→ Action item:
Find the string "Numbers" in the material. Copy every line that has it.

→ Data extracts:
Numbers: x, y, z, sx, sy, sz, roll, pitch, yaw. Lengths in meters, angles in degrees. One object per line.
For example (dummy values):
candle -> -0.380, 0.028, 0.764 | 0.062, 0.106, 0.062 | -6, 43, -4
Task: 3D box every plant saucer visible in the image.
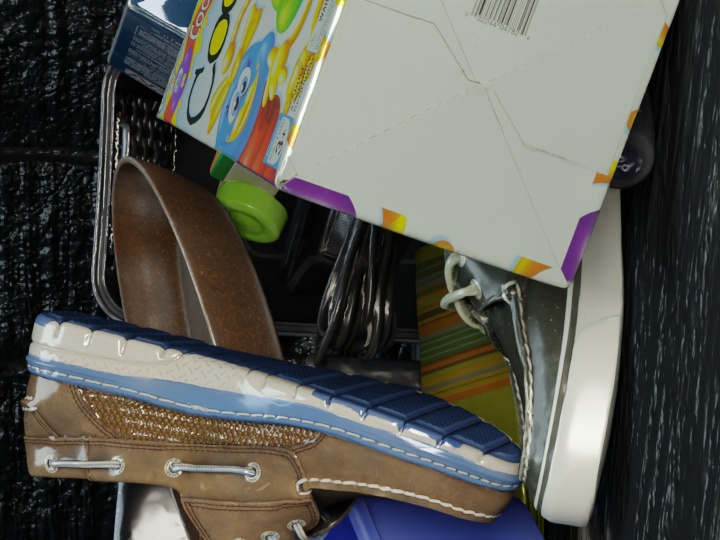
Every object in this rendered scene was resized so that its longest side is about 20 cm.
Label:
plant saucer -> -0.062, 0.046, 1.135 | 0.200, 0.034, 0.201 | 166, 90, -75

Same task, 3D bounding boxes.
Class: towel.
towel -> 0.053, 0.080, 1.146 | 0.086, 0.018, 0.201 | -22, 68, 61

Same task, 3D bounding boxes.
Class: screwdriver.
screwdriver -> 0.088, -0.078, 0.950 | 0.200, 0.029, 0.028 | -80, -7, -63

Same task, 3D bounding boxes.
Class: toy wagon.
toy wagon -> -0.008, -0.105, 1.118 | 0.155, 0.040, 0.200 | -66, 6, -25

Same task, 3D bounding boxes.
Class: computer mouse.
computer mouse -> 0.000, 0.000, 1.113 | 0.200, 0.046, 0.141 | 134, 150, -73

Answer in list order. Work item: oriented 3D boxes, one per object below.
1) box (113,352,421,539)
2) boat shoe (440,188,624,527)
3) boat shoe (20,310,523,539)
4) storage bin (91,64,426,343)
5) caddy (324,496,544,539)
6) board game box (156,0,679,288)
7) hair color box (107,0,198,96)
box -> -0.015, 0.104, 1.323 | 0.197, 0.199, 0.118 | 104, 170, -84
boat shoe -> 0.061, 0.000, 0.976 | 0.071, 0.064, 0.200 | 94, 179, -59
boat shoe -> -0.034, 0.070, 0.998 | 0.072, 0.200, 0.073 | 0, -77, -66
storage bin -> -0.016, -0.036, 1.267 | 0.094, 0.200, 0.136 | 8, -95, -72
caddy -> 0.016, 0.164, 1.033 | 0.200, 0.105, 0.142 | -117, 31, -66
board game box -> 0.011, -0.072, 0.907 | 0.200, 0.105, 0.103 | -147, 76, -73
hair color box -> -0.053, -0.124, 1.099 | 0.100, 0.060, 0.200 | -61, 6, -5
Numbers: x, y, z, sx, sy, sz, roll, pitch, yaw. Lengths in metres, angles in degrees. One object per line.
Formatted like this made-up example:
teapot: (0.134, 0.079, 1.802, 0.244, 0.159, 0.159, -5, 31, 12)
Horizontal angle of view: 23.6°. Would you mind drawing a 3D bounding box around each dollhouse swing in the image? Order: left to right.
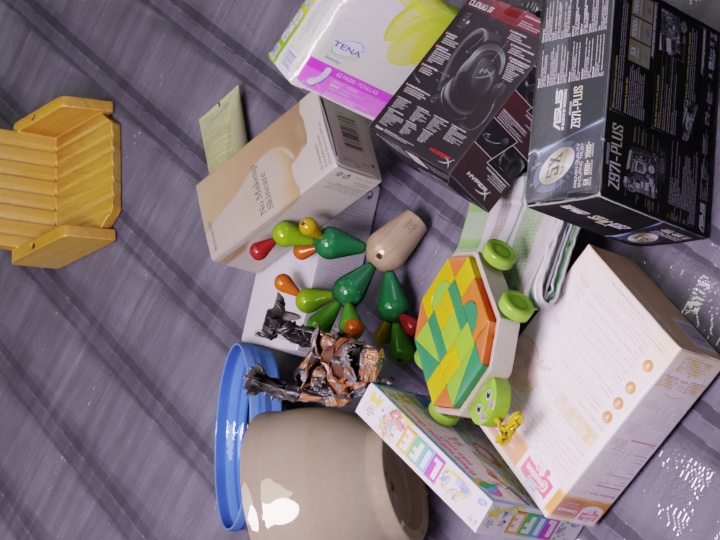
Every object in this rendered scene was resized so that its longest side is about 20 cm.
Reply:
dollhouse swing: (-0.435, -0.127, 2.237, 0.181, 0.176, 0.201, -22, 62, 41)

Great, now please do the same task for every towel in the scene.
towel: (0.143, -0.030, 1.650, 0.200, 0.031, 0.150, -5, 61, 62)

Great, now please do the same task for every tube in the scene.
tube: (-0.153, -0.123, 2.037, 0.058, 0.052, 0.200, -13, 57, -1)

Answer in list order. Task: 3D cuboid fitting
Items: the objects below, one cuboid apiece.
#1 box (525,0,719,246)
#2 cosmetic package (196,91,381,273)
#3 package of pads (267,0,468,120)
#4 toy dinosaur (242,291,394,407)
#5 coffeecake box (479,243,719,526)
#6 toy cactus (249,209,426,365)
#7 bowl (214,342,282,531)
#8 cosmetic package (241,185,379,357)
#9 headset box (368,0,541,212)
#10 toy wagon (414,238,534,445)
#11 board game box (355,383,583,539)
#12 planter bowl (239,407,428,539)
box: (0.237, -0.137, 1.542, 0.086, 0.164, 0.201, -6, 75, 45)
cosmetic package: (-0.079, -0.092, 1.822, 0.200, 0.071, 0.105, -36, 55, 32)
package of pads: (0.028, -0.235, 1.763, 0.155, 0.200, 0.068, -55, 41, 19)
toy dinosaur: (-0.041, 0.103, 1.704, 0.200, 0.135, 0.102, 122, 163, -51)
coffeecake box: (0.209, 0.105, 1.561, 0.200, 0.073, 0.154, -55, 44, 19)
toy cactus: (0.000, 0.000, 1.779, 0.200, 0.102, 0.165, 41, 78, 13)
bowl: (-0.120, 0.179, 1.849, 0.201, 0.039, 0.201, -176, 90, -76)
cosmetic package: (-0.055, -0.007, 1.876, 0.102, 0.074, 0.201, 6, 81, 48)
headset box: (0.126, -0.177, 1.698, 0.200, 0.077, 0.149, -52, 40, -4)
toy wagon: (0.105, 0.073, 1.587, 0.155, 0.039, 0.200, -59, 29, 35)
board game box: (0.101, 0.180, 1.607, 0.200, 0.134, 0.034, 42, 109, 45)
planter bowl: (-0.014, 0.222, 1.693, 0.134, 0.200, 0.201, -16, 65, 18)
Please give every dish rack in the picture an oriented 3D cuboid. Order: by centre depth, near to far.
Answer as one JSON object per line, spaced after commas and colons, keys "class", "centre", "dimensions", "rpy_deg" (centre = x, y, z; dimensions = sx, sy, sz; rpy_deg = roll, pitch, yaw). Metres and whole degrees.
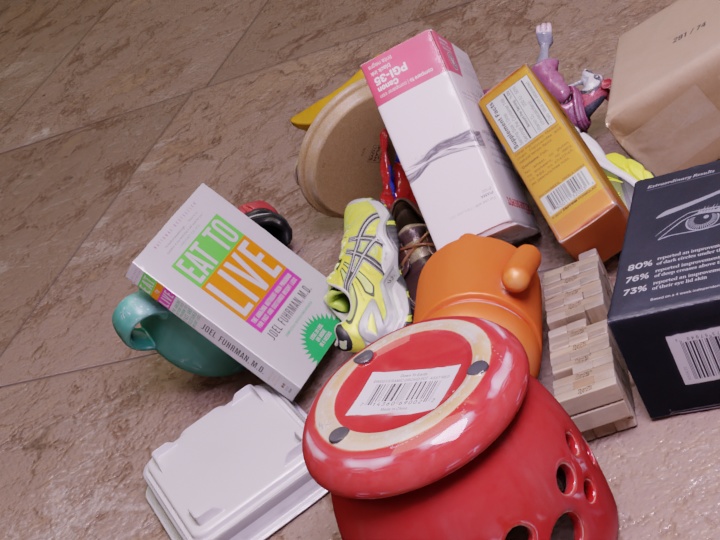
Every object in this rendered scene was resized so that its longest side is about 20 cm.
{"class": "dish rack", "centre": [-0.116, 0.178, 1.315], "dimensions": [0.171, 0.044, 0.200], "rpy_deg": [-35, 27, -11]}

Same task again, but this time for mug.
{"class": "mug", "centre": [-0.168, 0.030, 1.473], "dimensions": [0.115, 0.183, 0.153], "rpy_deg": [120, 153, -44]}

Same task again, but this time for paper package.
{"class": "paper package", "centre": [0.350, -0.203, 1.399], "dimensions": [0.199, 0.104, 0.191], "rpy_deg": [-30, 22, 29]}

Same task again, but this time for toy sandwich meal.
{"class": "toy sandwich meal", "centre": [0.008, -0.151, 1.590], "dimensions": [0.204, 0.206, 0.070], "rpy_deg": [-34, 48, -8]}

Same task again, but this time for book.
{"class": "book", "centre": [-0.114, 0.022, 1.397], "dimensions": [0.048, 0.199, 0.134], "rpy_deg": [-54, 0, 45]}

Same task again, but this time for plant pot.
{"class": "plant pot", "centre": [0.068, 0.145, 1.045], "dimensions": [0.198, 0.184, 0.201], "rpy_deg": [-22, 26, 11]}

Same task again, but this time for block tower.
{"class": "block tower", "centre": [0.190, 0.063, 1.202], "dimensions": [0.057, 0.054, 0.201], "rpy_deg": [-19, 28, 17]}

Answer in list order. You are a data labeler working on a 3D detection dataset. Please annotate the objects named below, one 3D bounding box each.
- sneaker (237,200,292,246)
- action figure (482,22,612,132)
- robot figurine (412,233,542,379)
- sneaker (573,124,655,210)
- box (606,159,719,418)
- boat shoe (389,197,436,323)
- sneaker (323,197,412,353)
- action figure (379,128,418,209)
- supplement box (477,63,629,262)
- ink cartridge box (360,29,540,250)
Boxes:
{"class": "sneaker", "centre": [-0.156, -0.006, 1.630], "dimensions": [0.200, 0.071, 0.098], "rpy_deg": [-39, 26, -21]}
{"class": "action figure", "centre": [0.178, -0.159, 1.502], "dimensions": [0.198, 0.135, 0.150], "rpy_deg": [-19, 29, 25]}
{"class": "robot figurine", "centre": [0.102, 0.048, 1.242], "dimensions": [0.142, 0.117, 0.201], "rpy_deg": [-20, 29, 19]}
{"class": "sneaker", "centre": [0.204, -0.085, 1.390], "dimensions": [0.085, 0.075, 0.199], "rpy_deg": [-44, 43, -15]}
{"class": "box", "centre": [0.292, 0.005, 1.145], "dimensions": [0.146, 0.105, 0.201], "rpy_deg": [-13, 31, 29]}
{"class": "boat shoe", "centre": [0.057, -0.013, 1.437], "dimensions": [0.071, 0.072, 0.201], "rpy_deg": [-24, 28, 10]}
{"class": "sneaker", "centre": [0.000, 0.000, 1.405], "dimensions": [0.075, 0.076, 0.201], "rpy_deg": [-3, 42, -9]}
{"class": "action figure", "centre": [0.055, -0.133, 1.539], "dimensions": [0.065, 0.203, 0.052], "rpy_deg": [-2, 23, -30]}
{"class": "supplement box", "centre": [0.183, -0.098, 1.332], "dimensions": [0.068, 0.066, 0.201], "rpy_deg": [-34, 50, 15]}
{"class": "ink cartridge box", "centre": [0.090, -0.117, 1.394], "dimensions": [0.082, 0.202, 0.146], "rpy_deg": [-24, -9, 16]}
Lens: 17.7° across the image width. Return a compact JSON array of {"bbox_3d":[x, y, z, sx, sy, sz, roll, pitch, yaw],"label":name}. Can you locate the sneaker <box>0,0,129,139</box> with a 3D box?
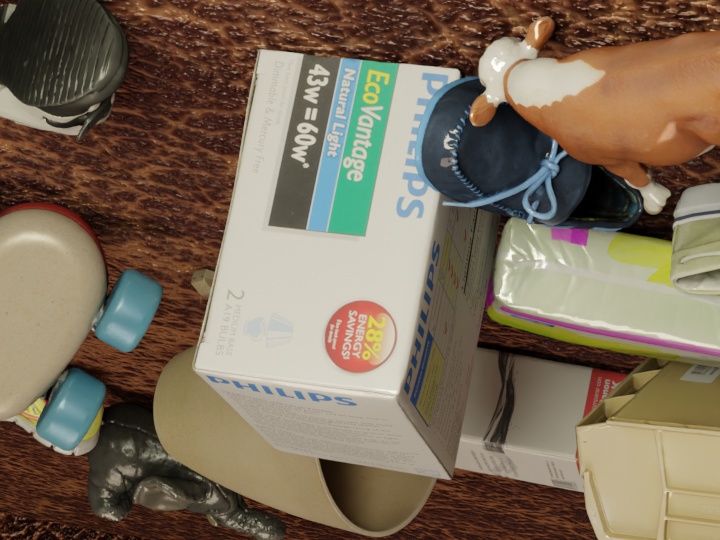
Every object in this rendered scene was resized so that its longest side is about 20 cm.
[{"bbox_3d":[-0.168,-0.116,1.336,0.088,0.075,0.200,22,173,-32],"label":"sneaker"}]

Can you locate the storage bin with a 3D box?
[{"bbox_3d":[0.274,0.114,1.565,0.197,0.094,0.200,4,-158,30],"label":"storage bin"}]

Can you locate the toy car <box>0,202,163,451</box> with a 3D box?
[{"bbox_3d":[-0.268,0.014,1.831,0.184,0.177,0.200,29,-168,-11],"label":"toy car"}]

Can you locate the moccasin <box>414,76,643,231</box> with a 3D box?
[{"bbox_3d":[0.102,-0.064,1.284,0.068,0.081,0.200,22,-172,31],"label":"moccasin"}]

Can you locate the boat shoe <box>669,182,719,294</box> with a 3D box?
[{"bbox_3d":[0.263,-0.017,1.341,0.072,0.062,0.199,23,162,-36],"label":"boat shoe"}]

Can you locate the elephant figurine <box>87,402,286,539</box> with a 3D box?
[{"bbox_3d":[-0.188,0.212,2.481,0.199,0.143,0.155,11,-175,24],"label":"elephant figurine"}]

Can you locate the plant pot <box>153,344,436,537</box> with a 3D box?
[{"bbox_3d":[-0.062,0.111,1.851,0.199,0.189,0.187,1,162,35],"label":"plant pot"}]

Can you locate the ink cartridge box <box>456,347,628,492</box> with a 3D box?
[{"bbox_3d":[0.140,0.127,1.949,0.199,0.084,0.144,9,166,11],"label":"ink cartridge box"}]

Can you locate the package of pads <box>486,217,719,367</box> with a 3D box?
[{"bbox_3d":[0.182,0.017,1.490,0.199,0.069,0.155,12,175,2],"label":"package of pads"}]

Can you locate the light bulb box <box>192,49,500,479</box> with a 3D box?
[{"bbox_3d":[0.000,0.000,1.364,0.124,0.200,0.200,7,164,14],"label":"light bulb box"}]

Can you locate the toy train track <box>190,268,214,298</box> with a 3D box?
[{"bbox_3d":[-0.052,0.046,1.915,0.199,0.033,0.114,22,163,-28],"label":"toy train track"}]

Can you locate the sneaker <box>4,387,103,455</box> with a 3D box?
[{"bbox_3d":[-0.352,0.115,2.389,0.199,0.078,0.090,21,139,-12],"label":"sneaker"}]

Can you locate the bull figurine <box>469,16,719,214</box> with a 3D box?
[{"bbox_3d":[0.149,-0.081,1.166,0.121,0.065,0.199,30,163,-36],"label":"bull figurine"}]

→ Exercise result:
Numbers: x, y, z, sx, sy, sz, roll, pitch, yaw. Lengths in meters, angles in degrees. One object per line.
Numbers: x, y, z, sx, sy, sz, roll, pitch, yaw. Lengths in metres, angles in degrees. One object per line.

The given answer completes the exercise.